To introduce myself, I am Y, in institute Z. I'm sorry if this email is not convenient at this time, but my work about A is highly relevant to your work in B, so I think it will be interesting to you too. If possible, can you take a look at it and tell me what you think? Here is the link: Human interaction with cats

Thank you for your reading, hope you enjoy it.

I wonder if the summary/abstract should be included in the email too, since the principle for asking good question is to show everything you know about it. Maybe it's not necessary, since the title of the link should prove its interestingness nevertheless? I'd like to have your confirm.

I'm also interested in the case where Y has no Z, and the link is just a collection of observations posted in a blog, not a full paper with proper citation and literary review. It is possible that the observations may have been covered in the field, but Y isn't aware of that yet.

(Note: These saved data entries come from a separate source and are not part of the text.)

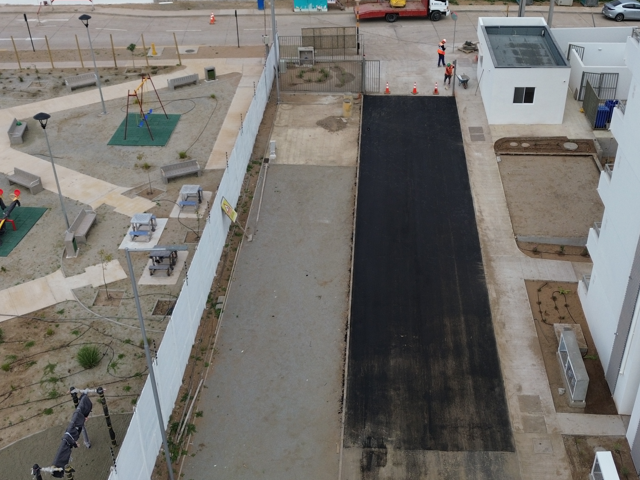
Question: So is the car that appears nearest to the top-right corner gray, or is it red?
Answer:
gray
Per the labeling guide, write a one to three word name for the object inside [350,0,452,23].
truck
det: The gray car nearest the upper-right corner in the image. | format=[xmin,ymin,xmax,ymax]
[604,0,640,23]
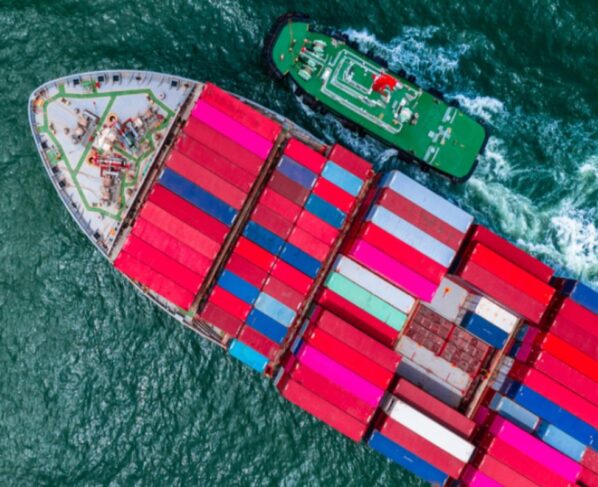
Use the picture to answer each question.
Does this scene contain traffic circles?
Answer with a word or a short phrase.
No
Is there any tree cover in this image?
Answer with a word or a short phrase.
No
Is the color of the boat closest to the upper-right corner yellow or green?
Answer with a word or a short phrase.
green
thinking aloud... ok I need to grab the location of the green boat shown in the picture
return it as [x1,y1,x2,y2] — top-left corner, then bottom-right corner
[265,13,489,183]
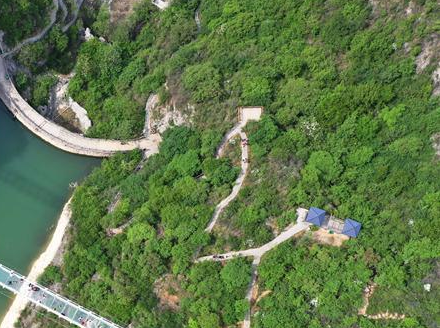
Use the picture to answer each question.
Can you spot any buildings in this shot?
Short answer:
Yes
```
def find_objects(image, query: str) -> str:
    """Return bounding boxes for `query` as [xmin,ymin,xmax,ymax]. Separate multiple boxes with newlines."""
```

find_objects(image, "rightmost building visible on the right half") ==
[336,218,361,237]

I also think that if the link is interesting enough, then putting a tracking method in there is fine too? Even if they finds out, they wouldn't feel insulted either, because they find that the link is indeed interesting.


Related:
Is it appropriate (as a PhD student) to email other researchers asking about some details in their papers?
Is it appropriate to drop by another university's professor's lecture to talk about research afterwards?
What are the strategies for getting feedback on articles?

marked as duplicate by David Ketcheson, Brian Tompsett - 汤莱恩, Buffy, henning, Azor Ahai Mar 19 at 16:50

This question has been asked before and already has an answer. If those answers do not fully address your question, please ask a new question.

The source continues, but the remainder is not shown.